Executive Coaching: for business professionals seeking to enhance their leadership skills, accomplish specific business goals, or address performance issues and challenges.
Life Coaching: for individuals seeking to master specific life challenges, or move to the next level of success in one or more areas of their personal and/or professional lives.
Relationship Coaching: for individuals, couples, family members, business partners, or co-workers seeking to clarify the attributes of their ideal relationship(s), assess relationship strengths, identify and resolve points of interpersonal conflict, and bring their ideal personal and professional relationship(s) to reality.
Choosing a Coach
When choosing a coach, it's important to inquire about the coach's training, credentials, and methodology. When you're interviewing a prospective coach, here are some questions you can ask:
Qualifications: What are your credentials? What is your training and professional background?
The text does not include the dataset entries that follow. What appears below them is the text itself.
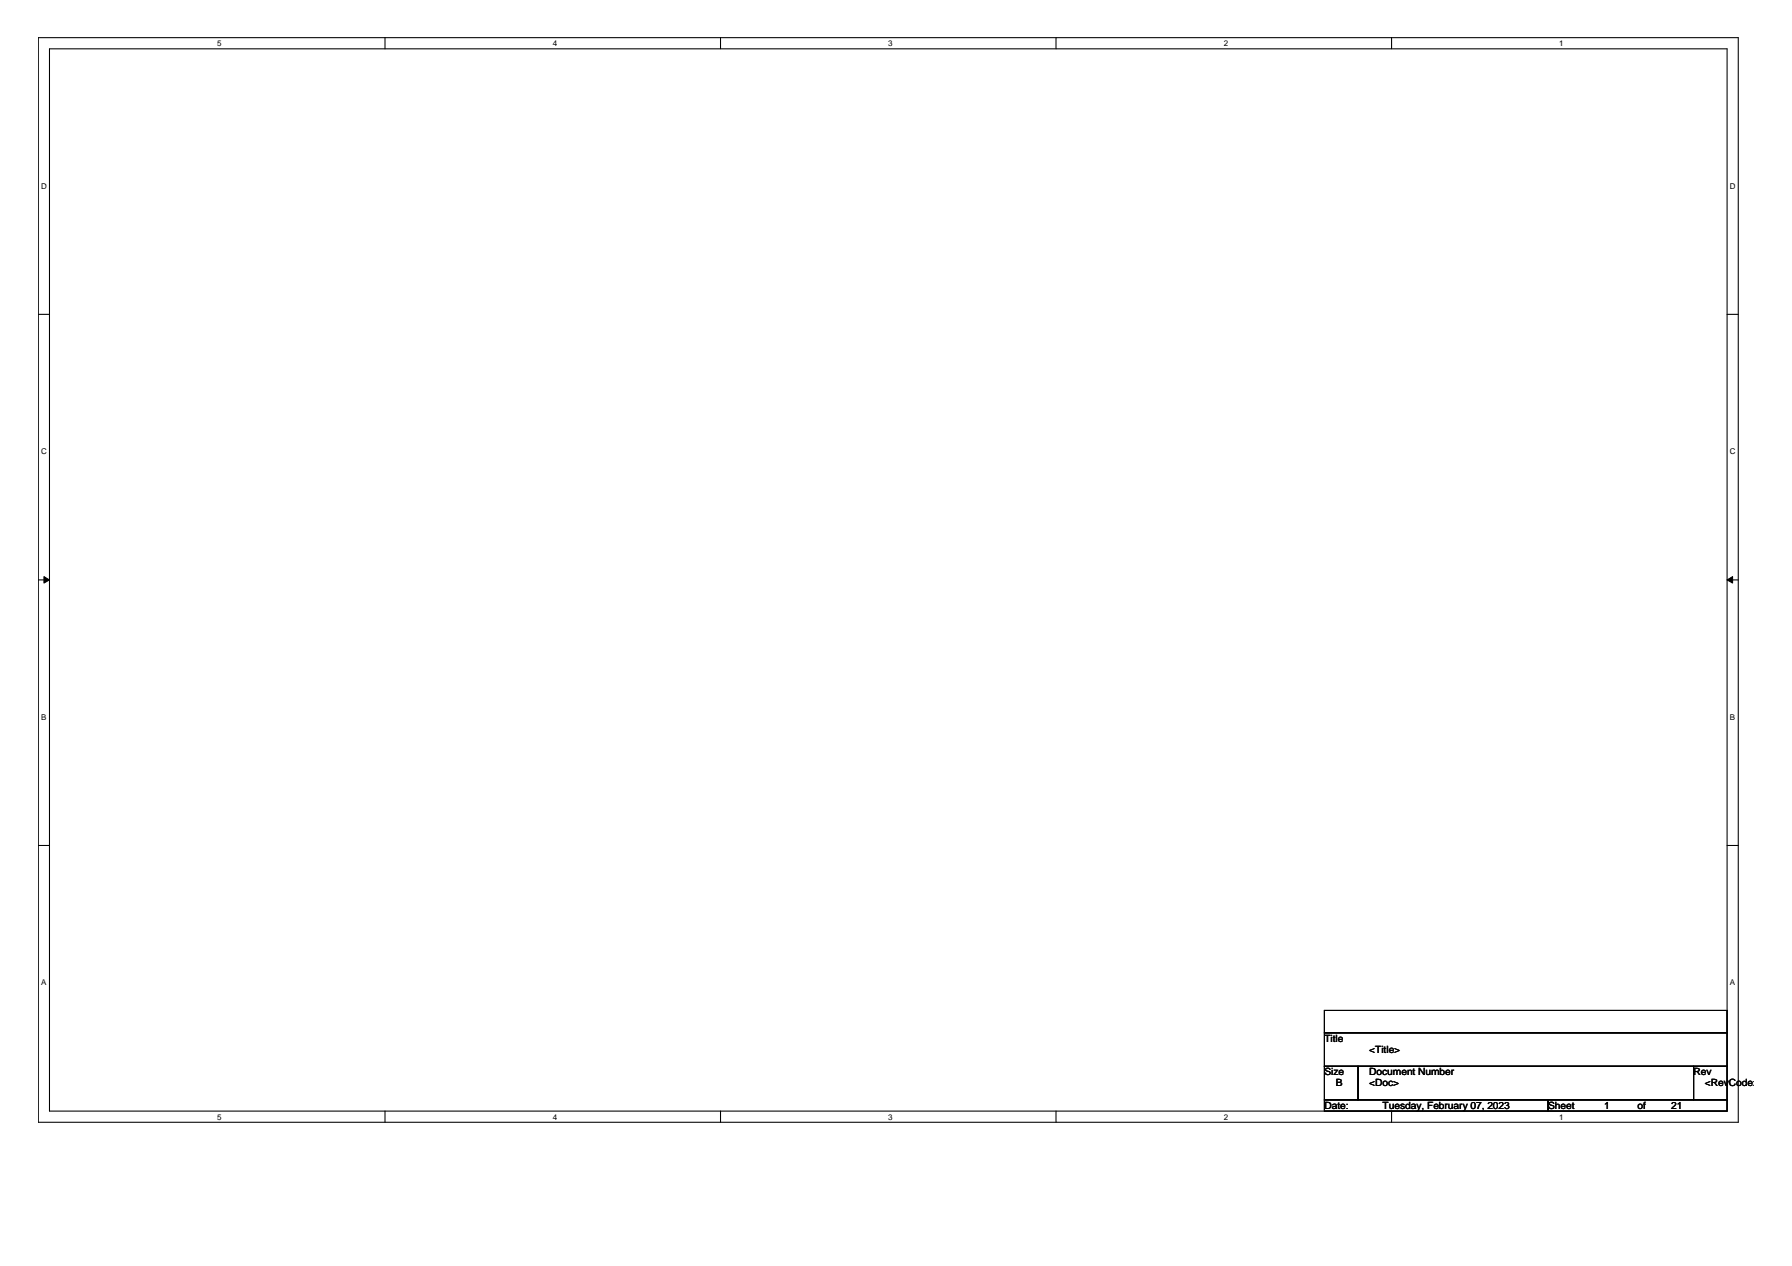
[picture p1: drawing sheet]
<svg xmlns="http://www.w3.org/2000/svg" width="297mm" height="210mm" viewBox="0 0 297 210" stroke-linecap="round" stroke-linejoin="round" font-family="sans-serif">
<defs><g id="words">
<g font-size="1.7">
<text x="219.5" y="172.7">Title</text>
<text x="219.5" y="178.3">Size</text>
<text x="227" y="178.3">Document Number</text>
<text x="227" y="174.6">&lt;Title&gt;</text>
<text x="280.7" y="178.3">Rev</text>
<text x="219.5" y="183.8">Date:</text>
<text x="221.4" y="180.1">B</text>
<text x="227" y="180.1">&lt;Doc&gt;</text>
<text x="229.2" y="183.8">Tuesday, February 07, 2023</text>
<text x="256.6" y="183.8">Sheet</text>
<text x="265.9" y="183.8">1</text>
<text x="271.4" y="183.8">of</text>
<text x="277" y="183.8">21</text>
<text x="282.6" y="180.1">&lt;Rev</text>
<text x="286.6" y="180.1">Code&gt;</text>
</g>
<g font-size="1.3">
<text x="36" y="7.6">5</text>
<text x="91.6" y="7.6">4</text>
<text x="147.2" y="7.6">3</text>
<text x="202.8" y="7.6">2</text>
<text x="258.5" y="7.6">1</text>
<text x="6.8" y="31.3">D</text>
<text x="286.8" y="31.3">D</text>
<text x="6.8" y="75.3">C</text>
<text x="286.8" y="75.3">C</text>
<text x="6.8" y="119.4">B</text>
<text x="286.8" y="119.4">B</text>
<text x="6.8" y="163.4">A</text>
<text x="286.8" y="163.4">A</text>
<text x="36" y="185.6">5</text>
<text x="91.6" y="185.6">4</text>
<text x="147.2" y="185.6">3</text>
<text x="202.8" y="185.6">2</text>
<text x="258.5" y="185.6">1</text>
</g>
</g></defs>
<path d="M6.3 6.2h281.8v179.9h-281.8zM8.2 8.1h278.1v176.1h-278.1z" fill="none" stroke="#000" stroke-width=".18"/>
<g fill="#fff">
<path d="M36 6.5h.7v1.4h-.7z"/>
<path d="M36 184.4h.7v1.5h-.7z"/>
</g>
<path d="M63.8 6.2v1.9M63.8 184.2v1.9" fill="none" stroke="#000" stroke-width=".18"/>
<g fill="#fff">
<path d="M91.6 6.5h.8v1.4h-.8z"/>
<path d="M91.6 184.4h.8v1.5h-.8z"/>
</g>
<path d="M119.4 6.2v1.9M119.4 184.2v1.9" fill="none" stroke="#000" stroke-width=".18"/>
<g fill="#fff">
<path d="M147.2 6.5h.8v1.4h-.8z"/>
<path d="M147.2 184.4h.8v1.5h-.8z"/>
</g>
<path d="M175 6.2v1.9M175 184.2v1.9" fill="none" stroke="#000" stroke-width=".18"/>
<g fill="#fff">
<path d="M202.8 6.5h.8v1.4h-.8z"/>
<path d="M202.8 184.4h.8v1.5h-.8z"/>
</g>
<path d="M230.7 6.2v1.9M230.7 184.2v1.9" fill="none" stroke="#000" stroke-width=".18"/>
<g fill="#fff">
<path d="M258.5 6.5h.7v1.4h-.7z"/>
<path d="M258.5 184.4h.7v1.5h-.7z"/>
<path d="M6.8 30.1h1v1.5h-1z"/>
<path d="M286.8 30.1h.9v1.5h-.9z"/>
<path d="M6.8 74.2h1v1.4h-1z"/>
<path d="M286.8 74.2h.9v1.4h-.9z"/>
</g>
<path d="M6.3 52.1h1.9M286.3 52.1h1.8" fill="none" stroke="#000" stroke-width=".18"/>
<g fill="#fff">
<path d="M6.8 118.2h.9v1.4h-.9z"/>
<path d="M286.8 118.2h.9v1.4h-.9z"/>
</g>
<path d="M6.3 96.1h1.9M286.3 96.1h1.8" fill="none" stroke="#000" stroke-width=".18"/>
<g fill="#000" stroke="#000" stroke-width=".17">
<path d="M7.3 95.6l.9 .5-.9 .6z" fill-rule="evenodd"/>
<path d="M286.3 96.1l.9-.5v1.1z" fill-rule="evenodd"/>
</g>
<g fill="#fff">
<path d="M6.8 162.2h.9v1.5h-.9z"/>
<path d="M286.8 162.2h.9v1.5h-.9z"/>
</g>
<path d="M6.3 140.2h1.9M286.3 140.2h1.8M219.5 167.5h66.8v3.7h-66.8zM219.5 171.2h66.8v5.6h-66.8zM219.5 176.8h5.6v5.6h-5.6zM225.1 176.8h55.6v5.6h-55.6zM280.7 176.8h5.6v5.6h-5.6zM219.5 182.4h37.1v1.8h-37.1zM256.6 182.4h29.7v1.8h-29.7z" fill="none" stroke="#000" stroke-width=".18"/>
<use href="#words"/>
</svg>

Check to be sure the person has the training, background, and expertise needed to facilitate the specific type of coaching you're seeking.
Experience: How long have you been in practice? What's the primary focus of your work? What is your experience and success in working with the types of issues and/or goals I want to address? Do you have some clients I can speak to, who can tell me about the results of their coaching work? Approach: What's your approach or methodology? What does the process involve and how much time does it typically take? Practical Information: How long does each session last? How frequently do we meet? What are your charges and payment policies?
Most importantly, you're looking for someone who is supportive, compassionate, and non-judgmental. During your interview, look for someone who is 100 percent present, and focused on you and your objectives. Red flags include brusqueness, inflexibility, and a sense of distance. This must be someone you can trust fully. Ask yourself: Do I feel at ease with this person? Will I feel free to disclose personal information? Is this someone who is engaging with me in a caring and supportive way? If not, don't hesitate to find someone else.